══ Record extracts ══
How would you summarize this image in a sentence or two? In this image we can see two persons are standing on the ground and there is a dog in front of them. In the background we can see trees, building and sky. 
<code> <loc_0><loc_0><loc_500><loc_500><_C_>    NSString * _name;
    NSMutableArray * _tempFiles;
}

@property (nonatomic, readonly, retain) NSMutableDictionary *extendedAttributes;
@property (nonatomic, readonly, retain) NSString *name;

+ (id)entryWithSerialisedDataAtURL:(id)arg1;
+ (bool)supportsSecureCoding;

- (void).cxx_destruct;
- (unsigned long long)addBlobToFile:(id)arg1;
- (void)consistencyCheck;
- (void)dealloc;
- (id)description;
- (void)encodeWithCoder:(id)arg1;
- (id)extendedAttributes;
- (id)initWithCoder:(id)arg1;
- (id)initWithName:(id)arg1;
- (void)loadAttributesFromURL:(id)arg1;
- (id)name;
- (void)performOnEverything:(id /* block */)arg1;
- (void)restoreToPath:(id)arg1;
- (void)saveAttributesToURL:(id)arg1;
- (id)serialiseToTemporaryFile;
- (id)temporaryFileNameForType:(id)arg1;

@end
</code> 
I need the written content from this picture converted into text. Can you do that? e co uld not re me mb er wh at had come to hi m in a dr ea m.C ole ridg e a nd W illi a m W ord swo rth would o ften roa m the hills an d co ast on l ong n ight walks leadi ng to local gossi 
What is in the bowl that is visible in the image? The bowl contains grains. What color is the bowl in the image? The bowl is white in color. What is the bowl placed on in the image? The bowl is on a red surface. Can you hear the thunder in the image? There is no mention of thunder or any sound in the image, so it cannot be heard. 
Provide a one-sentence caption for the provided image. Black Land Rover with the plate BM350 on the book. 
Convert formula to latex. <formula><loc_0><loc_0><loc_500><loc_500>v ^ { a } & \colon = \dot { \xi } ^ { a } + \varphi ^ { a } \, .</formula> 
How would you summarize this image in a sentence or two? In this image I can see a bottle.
═══
Goal of the exercise: Retype every entry exactly as it stands.

Output of the task:
How would you summarize this image in a sentence or two? In this image we can see two persons are standing on the ground and there is a dog in front of them. In the background we can see trees, building and sky. 
<code> <loc_0><loc_0><loc_500><loc_500><_C_>    NSString * _name;
    NSMutableArray * _tempFiles;
}

@property (nonatomic, readonly, retain) NSMutableDictionary *extendedAttributes;
@property (nonatomic, readonly, retain) NSString *name;

+ (id)entryWithSerialisedDataAtURL:(id)arg1;
+ (bool)supportsSecureCoding;

- (void).cxx_destruct;
- (unsigned long long)addBlobToFile:(id)arg1;
- (void)consistencyCheck;
- (void)dealloc;
- (id)description;
- (void)encodeWithCoder:(id)arg1;
- (id)extendedAttributes;
- (id)initWithCoder:(id)arg1;
- (id)initWithName:(id)arg1;
- (void)loadAttributesFromURL:(id)arg1;
- (id)name;
- (void)performOnEverything:(id /* block */)arg1;
- (void)restoreToPath:(id)arg1;
- (void)saveAttributesToURL:(id)arg1;
- (id)serialiseToTemporaryFile;
- (id)temporaryFileNameForType:(id)arg1;

@end
</code> 
I need the written content from this picture converted into text. Can you do that? e co uld not re me mb er wh at had come to hi m in a dr ea m.C ole ridg e a nd W illi a m W ord swo rth would o ften roa m the hills an d co ast on l ong n ight walks leadi ng to local gossi 
What is in the bowl that is visible in the image? The bowl contains grains. What color is the bowl in the image? The bowl is white in color. What is the bowl placed on in the image? The bowl is on a red surface. Can you hear the thunder in the image? There is no mention of thunder or any sound in the image, so it cannot be heard. 
Provide a one-sentence caption for the provided image. Black Land Rover with the plate BM350 on the book. 
Convert formula to latex. <formula><loc_0><loc_0><loc_500><loc_500>v ^ { a } & \colon = \dot { \xi } ^ { a } + \varphi ^ { a } \, .</formula> 
How would you summarize this image in a sentence or two? In this image I can see a bottle.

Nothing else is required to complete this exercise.